Inventory #26002.01       Price: $55,000

The first sculpture in a group of 20th century legends commissioned by an Indiana collector between1998 and 2004. (Churchill, Albert Einstein, Muhammad Ali, Ronald Reagan, and Theodore Roosevelt)

Winston Churchill

“I thought often of the truly unique strength Churchill brought to the darkest years of World War II, of how lucidly he described the evil the world was facing and how resolutely he led Britain to hold out, very nearly alone, for years. Churchill weaponized words, but also had a great sense of wit.”

“I had to acknowledge the slight distortion or asymmetry of his lips when his practically ever-present cigar was out of place. I couldn’t escape thinking of the famous photograph of a glaring Churchill, taken, it is said, after Karsh personally removed the cigar from Churchill’s mouth.”

“Acclaimed portrait painter Everett Raymond Kinstler saw my bust in an early stage, and gave me an unforgettable comment: ‘Think bulldog!’ he exclaimed, while jutting out his own chin, accentuating the gesture with a flattened hand underneath.”

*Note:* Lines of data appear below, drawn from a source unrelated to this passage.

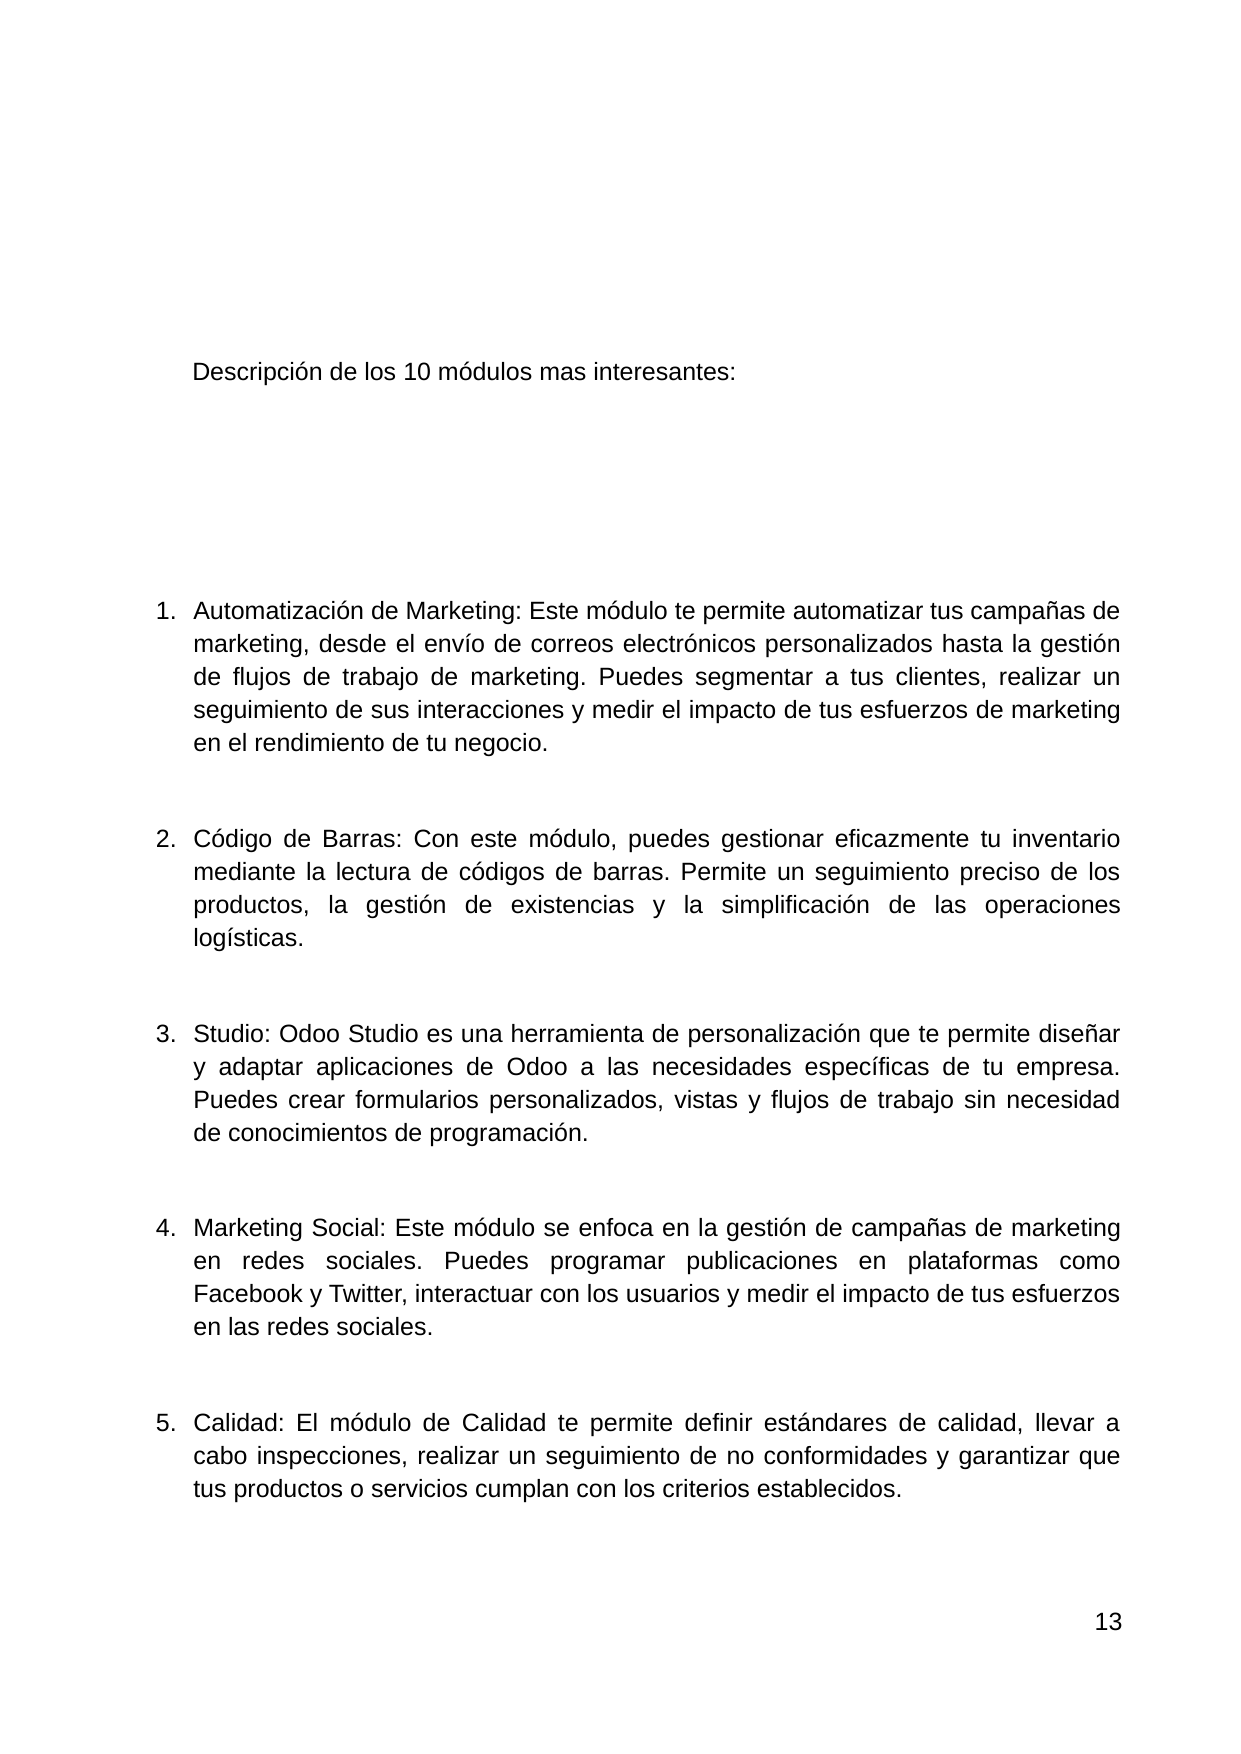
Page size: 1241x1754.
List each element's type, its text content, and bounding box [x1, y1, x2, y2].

list Studio: Odoo Studio es una herramienta de personalización que te permite diseñar y adaptar aplicaciones de Odoo a las necesidades específicas de tu empresa. Puedes crear formularios personalizados, vistas y flujos de trabajo sin necesidad de conocimientos de programación. [156, 1019, 1122, 1146]
list Automatización de Marketing: Este módulo te permite automatizar tus campañas de marketing, desde el envío de correos electrónicos personalizados hasta la gestión de flujos de trabajo de marketing. Puedes segmentar a tus clientes, realizar un seguimiento de sus interacciones y medir el impacto de tus esfuerzos de marketing en el rendimiento de tu negocio. [156, 596, 1122, 757]
list Marketing Social: Este módulo se enfoca en la gestión de campañas de marketing en redes sociales. Puedes programar publicaciones en plataformas como Facebook y Twitter, interactuar con los usuarios y medir el impacto de tus esfuerzos en las redes sociales. [156, 1213, 1122, 1341]
list Código de Barras: Con este módulo, puedes gestionar eficazmente tu inventario mediante la lectura de códigos de barras. Permite un seguimiento preciso de los productos, la gestión de existencias y la simplificación de las operaciones logísticas. [156, 824, 1122, 952]
text Descripción de los 10 módulos mas interesantes: [118, 357, 1122, 386]
list Calidad: El módulo de Calidad te permite definir estándares de calidad, llevar a cabo inspecciones, realizar un seguimiento de no conformidades y garantizar que tus productos o servicios cumplan con los criterios establecidos. [156, 1408, 1122, 1503]

“Churchill’s granddaughter Edwina Sandys later saw images of the finished bust. “Oh, I like this,” she said, then adding after a pause, ‘You’ve captured something I don’t usually see in his portraits…. something of his sweetness.’”

Collections

- Choate Rosemary Hall, Wallingford, Connecticut

- Salmagundi Club, New York, New York

- Private collection, Washington, D.C. (DMR)

Marc Mellon’s Process

“After gleaning through countless images, I identify several as “quintessential.” The best become touchstones that I refer back to frequently, both for likeness and for emotional content. My goal is to develop a multi-dimensional portrait, taking advantage of the three physical dimensions, but also trying to capture additional dimensions of the subject’s personality. I look at sculpture holistically, have to build up to that view by view, from every angle, without losing the overall impression.”